→ Activity:
Across the entries below, how many lines have the string "linetype" in them? Reply with only the number.
(Beginning of Dataset excerpts)
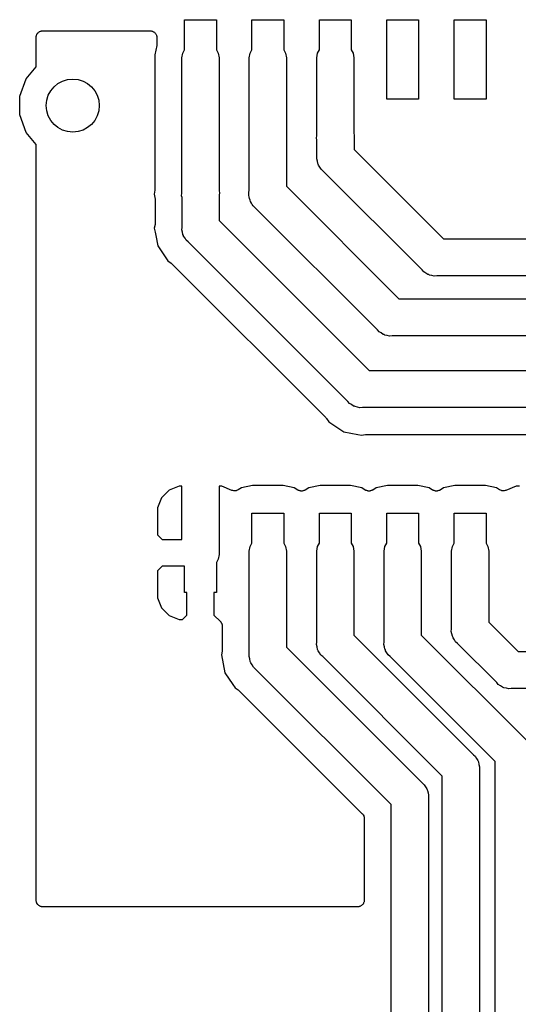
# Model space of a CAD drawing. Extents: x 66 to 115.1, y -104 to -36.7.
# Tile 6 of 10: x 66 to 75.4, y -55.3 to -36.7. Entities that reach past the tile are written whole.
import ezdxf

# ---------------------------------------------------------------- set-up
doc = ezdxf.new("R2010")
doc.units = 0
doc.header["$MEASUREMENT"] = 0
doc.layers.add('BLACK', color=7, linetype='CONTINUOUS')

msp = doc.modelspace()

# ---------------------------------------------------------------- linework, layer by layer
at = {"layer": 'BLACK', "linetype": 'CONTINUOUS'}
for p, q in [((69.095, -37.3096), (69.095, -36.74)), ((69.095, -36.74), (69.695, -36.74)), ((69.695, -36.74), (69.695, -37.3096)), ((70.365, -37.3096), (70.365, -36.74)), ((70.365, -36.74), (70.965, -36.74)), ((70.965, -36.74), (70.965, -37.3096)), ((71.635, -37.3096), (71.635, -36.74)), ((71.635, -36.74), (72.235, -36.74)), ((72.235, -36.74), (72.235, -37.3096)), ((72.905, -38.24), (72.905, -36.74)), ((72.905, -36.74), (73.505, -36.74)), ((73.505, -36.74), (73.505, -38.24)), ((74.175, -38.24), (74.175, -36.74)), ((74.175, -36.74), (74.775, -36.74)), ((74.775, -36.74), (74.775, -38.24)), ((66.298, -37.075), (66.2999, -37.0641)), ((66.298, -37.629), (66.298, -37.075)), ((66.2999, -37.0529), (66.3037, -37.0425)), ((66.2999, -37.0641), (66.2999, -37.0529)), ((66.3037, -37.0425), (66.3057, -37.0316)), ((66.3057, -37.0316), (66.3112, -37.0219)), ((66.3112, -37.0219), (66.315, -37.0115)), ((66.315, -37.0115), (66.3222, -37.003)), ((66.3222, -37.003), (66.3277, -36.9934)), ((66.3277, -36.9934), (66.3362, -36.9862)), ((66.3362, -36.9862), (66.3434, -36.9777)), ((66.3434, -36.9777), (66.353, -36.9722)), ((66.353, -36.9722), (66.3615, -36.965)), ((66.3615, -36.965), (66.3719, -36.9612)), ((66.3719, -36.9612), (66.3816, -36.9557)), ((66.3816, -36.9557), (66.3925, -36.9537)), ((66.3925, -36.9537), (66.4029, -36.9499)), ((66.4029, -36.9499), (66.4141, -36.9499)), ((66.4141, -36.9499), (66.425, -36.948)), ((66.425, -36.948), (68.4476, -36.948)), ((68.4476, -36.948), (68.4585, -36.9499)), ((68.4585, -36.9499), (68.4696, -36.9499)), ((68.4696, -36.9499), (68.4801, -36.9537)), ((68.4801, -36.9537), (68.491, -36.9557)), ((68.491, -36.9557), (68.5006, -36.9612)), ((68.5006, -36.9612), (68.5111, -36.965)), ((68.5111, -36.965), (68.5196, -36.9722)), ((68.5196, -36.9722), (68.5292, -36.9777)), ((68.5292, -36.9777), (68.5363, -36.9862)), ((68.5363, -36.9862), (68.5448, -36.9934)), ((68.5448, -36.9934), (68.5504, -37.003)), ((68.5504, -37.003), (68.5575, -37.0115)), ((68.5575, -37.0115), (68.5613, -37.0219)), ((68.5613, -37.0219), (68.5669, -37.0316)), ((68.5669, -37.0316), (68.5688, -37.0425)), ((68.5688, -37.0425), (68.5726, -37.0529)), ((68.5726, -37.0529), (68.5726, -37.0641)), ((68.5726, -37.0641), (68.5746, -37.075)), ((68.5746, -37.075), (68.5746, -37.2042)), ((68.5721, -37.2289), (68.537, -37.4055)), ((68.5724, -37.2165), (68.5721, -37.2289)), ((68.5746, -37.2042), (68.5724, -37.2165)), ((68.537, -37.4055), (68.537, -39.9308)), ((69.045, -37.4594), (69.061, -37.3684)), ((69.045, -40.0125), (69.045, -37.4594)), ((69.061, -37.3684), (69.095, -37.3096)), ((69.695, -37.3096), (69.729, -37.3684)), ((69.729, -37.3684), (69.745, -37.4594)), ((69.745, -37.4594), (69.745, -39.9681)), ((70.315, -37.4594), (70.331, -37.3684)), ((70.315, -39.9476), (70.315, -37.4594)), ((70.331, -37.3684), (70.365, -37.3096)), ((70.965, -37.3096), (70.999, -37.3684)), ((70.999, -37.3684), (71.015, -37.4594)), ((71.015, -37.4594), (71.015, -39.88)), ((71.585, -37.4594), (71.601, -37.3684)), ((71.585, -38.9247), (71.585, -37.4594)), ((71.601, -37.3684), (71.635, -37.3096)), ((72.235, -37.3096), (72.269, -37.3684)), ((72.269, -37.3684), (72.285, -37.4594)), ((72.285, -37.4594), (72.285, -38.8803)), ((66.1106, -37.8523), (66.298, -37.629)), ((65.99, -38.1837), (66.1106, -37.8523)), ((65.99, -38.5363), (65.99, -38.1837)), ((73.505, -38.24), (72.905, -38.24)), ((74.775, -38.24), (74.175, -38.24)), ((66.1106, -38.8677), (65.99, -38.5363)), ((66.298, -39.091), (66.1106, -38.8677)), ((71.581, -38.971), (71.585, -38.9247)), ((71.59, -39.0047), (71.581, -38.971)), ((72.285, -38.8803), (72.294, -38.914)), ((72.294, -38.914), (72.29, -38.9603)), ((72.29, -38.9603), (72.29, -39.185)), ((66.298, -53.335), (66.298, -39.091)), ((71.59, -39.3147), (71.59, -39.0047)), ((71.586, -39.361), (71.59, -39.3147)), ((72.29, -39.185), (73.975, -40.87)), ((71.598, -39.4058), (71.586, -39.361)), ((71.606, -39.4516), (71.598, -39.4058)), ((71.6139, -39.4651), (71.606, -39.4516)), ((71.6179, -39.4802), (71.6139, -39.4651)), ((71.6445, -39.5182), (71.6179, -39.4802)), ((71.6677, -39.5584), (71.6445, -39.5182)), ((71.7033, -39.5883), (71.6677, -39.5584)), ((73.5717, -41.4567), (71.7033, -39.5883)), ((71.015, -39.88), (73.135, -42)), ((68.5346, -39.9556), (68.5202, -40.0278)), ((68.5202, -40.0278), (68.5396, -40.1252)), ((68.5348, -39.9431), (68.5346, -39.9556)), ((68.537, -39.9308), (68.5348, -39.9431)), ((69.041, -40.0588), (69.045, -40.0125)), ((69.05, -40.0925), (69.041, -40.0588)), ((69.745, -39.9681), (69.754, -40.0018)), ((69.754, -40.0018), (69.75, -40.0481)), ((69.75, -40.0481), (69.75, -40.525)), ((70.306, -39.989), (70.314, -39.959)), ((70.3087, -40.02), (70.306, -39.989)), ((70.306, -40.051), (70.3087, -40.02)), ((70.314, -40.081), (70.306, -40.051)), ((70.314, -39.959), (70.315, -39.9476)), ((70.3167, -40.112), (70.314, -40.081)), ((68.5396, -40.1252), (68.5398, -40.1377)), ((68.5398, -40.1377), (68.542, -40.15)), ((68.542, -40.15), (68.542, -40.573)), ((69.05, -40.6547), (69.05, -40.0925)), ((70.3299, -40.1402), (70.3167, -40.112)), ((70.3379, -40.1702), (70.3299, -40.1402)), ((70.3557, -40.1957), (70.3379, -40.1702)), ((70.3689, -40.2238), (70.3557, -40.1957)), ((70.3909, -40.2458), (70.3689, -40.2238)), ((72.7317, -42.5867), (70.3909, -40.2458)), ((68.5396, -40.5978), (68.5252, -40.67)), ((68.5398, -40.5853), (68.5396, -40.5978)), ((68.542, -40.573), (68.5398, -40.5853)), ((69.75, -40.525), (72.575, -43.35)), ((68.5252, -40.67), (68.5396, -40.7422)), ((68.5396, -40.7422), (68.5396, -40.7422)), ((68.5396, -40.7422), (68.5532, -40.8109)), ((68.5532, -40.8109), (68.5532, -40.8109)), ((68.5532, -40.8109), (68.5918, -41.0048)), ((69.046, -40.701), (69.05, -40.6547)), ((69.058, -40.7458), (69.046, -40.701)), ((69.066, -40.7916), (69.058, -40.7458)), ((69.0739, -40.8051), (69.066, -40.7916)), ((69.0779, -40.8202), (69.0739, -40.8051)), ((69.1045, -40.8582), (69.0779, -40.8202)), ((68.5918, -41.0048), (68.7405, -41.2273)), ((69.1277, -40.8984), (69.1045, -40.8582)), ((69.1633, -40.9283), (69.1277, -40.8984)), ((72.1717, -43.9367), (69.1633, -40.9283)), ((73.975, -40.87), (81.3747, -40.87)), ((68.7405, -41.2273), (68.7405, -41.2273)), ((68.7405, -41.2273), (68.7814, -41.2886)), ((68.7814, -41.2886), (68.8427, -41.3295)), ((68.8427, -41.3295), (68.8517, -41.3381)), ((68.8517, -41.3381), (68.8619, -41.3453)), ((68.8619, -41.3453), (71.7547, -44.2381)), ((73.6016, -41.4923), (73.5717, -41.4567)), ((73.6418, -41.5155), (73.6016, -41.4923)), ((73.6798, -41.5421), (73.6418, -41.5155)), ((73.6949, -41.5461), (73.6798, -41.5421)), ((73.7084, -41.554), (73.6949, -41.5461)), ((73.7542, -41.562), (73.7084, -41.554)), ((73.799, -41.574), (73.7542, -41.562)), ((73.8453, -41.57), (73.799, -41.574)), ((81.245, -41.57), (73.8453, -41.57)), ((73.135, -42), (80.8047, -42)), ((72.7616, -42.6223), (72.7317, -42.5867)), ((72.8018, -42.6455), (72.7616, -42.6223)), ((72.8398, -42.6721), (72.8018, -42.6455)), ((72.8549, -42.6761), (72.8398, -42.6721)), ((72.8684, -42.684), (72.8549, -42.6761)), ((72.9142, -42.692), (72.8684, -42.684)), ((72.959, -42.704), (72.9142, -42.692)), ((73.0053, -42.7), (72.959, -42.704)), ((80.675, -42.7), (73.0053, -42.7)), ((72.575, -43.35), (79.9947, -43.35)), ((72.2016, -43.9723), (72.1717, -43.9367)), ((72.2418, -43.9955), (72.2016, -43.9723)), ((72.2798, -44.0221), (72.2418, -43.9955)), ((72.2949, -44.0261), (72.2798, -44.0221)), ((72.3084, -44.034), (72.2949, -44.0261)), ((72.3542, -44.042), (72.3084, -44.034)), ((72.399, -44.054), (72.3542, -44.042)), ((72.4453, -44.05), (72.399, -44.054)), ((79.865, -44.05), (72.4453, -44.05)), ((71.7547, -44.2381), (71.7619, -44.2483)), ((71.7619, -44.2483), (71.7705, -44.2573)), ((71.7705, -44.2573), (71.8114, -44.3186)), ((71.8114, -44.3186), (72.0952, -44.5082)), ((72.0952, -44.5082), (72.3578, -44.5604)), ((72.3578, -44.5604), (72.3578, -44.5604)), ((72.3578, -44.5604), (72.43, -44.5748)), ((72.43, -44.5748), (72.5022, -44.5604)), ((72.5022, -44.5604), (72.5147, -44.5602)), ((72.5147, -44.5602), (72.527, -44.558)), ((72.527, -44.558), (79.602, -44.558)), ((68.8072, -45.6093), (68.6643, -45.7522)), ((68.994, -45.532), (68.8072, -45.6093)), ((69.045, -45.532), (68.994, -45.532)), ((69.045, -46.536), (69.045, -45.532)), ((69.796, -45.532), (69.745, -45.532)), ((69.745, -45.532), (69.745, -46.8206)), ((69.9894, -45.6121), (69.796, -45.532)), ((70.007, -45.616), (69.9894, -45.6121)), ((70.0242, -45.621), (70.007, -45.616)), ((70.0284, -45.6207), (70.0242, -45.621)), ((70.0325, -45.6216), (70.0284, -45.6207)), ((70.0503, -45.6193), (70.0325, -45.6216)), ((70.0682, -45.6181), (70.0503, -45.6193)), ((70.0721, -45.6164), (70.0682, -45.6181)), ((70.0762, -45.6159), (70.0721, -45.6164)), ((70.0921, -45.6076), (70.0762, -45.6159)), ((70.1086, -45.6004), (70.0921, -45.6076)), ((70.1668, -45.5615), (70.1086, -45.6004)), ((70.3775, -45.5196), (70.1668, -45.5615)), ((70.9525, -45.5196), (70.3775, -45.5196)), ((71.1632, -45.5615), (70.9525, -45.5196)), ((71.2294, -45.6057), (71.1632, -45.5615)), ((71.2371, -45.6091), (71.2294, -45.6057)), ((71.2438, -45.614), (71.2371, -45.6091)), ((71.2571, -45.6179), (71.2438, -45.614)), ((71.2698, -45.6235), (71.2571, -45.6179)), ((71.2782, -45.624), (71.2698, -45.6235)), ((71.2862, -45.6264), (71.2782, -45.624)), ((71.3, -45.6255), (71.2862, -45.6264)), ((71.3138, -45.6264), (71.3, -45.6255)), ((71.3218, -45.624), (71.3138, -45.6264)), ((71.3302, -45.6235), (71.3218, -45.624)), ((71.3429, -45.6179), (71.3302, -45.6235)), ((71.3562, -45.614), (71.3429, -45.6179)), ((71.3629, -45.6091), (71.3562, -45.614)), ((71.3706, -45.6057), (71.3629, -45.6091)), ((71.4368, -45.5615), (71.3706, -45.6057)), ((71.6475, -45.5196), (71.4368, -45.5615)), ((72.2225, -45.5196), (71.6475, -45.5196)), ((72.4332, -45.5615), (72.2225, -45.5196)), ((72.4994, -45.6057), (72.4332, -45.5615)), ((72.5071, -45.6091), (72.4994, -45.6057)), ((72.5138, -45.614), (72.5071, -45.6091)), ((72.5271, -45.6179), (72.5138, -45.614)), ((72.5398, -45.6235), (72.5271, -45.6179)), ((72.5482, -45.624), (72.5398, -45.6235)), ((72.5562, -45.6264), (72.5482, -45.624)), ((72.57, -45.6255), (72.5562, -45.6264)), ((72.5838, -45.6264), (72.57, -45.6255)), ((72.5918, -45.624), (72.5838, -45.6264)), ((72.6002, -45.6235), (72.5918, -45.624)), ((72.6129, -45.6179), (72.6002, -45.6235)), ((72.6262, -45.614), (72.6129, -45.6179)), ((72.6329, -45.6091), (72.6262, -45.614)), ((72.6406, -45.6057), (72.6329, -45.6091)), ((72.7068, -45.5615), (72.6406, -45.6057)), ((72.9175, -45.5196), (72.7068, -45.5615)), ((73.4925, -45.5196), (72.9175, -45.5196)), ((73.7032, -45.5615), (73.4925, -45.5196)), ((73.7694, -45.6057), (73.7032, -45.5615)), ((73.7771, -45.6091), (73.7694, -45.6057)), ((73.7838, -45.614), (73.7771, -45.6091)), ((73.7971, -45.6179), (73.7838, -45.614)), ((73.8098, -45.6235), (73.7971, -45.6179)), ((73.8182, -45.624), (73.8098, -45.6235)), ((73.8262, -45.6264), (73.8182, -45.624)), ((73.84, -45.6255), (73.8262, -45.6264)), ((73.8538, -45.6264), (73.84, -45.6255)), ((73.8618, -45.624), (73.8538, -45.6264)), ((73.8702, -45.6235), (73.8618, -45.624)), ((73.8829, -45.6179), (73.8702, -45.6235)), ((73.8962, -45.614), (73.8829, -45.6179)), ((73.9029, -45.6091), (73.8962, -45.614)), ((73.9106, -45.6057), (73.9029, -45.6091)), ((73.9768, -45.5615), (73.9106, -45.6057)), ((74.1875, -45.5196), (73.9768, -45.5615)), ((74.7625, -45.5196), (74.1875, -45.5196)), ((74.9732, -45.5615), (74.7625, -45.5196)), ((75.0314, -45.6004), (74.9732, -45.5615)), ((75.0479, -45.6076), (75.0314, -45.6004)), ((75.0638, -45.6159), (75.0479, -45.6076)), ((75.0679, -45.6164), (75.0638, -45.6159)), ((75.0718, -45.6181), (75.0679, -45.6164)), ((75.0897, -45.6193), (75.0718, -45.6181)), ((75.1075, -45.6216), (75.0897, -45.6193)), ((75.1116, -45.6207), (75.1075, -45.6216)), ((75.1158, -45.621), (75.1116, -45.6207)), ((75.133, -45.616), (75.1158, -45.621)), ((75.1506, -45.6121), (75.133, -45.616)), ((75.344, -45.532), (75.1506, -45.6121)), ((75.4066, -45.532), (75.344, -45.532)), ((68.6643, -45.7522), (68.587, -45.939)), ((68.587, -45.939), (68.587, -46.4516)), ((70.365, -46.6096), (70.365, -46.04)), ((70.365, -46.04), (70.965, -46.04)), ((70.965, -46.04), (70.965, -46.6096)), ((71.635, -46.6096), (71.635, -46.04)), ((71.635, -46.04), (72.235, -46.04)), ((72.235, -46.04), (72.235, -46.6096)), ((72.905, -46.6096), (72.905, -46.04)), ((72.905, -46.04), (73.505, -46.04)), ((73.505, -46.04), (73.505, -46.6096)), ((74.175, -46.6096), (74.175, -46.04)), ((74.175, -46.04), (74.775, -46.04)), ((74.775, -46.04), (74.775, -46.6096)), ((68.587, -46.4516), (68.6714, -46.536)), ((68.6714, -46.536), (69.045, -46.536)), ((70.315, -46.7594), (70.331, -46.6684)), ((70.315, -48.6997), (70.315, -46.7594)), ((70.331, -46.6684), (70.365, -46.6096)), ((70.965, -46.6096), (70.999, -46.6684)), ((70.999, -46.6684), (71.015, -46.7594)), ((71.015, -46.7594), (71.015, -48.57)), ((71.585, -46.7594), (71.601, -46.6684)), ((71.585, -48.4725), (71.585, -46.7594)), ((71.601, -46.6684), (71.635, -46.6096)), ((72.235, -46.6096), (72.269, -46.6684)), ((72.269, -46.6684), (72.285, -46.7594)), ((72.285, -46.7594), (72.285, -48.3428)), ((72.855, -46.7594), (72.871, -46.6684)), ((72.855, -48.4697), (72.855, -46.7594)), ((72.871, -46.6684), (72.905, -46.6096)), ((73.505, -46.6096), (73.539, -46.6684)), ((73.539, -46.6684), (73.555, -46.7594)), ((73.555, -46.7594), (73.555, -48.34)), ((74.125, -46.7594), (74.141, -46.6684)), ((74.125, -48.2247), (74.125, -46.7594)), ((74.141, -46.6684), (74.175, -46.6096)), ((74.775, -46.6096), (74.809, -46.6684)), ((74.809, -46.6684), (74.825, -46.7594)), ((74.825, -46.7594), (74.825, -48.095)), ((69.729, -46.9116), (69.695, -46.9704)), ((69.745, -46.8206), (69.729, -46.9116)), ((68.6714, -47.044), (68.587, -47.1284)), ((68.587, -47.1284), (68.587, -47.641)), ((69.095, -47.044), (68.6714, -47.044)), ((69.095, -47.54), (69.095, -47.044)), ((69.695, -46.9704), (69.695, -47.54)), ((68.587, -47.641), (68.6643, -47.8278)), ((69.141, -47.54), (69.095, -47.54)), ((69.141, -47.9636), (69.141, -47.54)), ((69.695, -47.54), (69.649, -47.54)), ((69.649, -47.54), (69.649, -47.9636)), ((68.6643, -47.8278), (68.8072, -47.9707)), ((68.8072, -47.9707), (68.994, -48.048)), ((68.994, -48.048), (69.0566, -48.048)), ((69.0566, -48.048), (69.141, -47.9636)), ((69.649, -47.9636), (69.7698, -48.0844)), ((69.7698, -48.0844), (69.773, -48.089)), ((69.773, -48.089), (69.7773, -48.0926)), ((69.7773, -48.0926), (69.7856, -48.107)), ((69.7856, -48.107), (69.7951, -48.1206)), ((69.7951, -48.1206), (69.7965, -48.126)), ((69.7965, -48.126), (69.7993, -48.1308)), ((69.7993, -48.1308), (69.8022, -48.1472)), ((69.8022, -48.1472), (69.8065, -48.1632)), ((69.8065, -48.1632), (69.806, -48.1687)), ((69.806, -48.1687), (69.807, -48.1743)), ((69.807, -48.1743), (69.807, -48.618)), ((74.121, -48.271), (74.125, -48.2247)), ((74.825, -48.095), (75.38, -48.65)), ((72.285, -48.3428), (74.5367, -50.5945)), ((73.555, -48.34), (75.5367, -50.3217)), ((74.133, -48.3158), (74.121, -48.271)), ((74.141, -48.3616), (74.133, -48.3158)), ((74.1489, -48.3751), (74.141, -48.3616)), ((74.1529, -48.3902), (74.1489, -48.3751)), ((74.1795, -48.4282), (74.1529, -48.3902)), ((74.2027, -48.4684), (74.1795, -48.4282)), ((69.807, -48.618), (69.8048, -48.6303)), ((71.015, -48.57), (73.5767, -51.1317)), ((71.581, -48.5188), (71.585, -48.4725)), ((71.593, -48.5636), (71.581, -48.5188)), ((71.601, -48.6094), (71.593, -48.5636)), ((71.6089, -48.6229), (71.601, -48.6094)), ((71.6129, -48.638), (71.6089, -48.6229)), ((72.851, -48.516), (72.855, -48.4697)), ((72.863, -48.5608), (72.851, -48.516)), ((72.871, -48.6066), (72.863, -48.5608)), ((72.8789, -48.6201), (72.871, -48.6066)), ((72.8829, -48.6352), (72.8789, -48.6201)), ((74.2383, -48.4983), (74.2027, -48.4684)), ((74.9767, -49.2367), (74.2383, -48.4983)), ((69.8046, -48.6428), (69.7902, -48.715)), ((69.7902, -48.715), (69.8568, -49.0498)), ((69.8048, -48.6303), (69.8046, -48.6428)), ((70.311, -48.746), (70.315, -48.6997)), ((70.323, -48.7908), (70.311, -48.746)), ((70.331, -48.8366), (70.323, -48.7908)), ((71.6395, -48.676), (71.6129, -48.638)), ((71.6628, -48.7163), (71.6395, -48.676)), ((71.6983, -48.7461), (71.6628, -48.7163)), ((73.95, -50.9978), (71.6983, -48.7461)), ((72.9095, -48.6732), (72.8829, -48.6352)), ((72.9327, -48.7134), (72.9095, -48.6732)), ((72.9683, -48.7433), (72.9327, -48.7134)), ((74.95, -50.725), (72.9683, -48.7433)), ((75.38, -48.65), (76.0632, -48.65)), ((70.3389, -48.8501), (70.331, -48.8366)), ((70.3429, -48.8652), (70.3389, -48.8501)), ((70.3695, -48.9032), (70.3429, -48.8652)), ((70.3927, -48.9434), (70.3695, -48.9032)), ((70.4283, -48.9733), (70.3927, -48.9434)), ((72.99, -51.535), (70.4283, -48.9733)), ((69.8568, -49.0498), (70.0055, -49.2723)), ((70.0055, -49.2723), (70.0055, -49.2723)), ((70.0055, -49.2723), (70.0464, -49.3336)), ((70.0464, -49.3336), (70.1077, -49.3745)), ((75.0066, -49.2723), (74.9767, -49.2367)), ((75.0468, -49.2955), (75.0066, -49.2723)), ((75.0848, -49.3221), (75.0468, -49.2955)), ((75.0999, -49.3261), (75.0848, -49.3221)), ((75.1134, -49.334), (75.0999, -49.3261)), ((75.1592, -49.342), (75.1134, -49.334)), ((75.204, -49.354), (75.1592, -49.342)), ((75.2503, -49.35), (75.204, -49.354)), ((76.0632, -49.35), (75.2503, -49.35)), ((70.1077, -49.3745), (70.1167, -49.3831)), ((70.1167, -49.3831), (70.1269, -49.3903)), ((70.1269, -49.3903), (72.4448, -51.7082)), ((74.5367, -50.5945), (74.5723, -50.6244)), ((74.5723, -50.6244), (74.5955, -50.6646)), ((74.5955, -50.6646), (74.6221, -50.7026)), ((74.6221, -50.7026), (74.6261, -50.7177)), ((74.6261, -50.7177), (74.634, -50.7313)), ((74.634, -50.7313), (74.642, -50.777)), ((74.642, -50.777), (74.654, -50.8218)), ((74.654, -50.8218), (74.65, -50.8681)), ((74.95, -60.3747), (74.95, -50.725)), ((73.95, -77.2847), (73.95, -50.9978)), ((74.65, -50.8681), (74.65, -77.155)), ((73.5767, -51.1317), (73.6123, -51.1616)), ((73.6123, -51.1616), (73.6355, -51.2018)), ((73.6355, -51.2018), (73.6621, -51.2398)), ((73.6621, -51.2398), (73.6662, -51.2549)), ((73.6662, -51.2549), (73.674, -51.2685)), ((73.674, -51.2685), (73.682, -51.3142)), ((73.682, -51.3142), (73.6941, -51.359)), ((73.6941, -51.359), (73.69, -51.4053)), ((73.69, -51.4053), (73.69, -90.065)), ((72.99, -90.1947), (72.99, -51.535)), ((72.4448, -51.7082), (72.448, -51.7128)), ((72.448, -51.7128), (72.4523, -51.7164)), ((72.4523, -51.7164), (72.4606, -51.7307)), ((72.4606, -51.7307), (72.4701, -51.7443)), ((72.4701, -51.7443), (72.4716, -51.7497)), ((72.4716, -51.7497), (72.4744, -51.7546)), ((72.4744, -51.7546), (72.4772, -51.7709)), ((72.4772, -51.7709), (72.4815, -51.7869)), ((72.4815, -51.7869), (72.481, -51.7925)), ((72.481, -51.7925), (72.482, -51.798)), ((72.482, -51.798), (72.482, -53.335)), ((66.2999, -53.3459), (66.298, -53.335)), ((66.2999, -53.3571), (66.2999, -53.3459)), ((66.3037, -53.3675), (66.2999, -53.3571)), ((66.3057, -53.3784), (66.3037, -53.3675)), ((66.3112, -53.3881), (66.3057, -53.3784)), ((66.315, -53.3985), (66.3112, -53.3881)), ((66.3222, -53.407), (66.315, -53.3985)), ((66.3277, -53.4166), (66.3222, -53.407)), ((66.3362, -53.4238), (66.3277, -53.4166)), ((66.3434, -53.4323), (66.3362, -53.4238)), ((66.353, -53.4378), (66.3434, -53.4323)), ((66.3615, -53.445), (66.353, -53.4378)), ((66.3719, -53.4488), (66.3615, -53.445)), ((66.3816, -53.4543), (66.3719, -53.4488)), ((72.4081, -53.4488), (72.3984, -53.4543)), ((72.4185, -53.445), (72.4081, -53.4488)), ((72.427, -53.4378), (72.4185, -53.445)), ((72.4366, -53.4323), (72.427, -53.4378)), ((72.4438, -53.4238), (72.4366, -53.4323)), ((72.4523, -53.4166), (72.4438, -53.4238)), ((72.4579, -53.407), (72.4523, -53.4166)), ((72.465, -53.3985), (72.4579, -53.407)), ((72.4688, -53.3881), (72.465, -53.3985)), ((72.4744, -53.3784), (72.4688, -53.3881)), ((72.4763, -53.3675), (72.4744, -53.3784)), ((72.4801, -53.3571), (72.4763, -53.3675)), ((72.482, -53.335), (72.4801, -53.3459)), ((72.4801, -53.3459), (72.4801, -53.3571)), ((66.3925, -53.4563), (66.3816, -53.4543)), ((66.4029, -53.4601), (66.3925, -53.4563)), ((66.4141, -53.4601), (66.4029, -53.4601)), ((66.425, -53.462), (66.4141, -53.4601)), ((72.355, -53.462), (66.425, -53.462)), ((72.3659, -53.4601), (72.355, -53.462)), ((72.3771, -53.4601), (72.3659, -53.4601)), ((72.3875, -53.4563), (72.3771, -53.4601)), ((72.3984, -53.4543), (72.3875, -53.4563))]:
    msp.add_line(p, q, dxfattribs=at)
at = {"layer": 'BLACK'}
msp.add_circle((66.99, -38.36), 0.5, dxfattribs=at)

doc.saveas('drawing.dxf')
(End of Dataset excerpts)
→ Response area:
2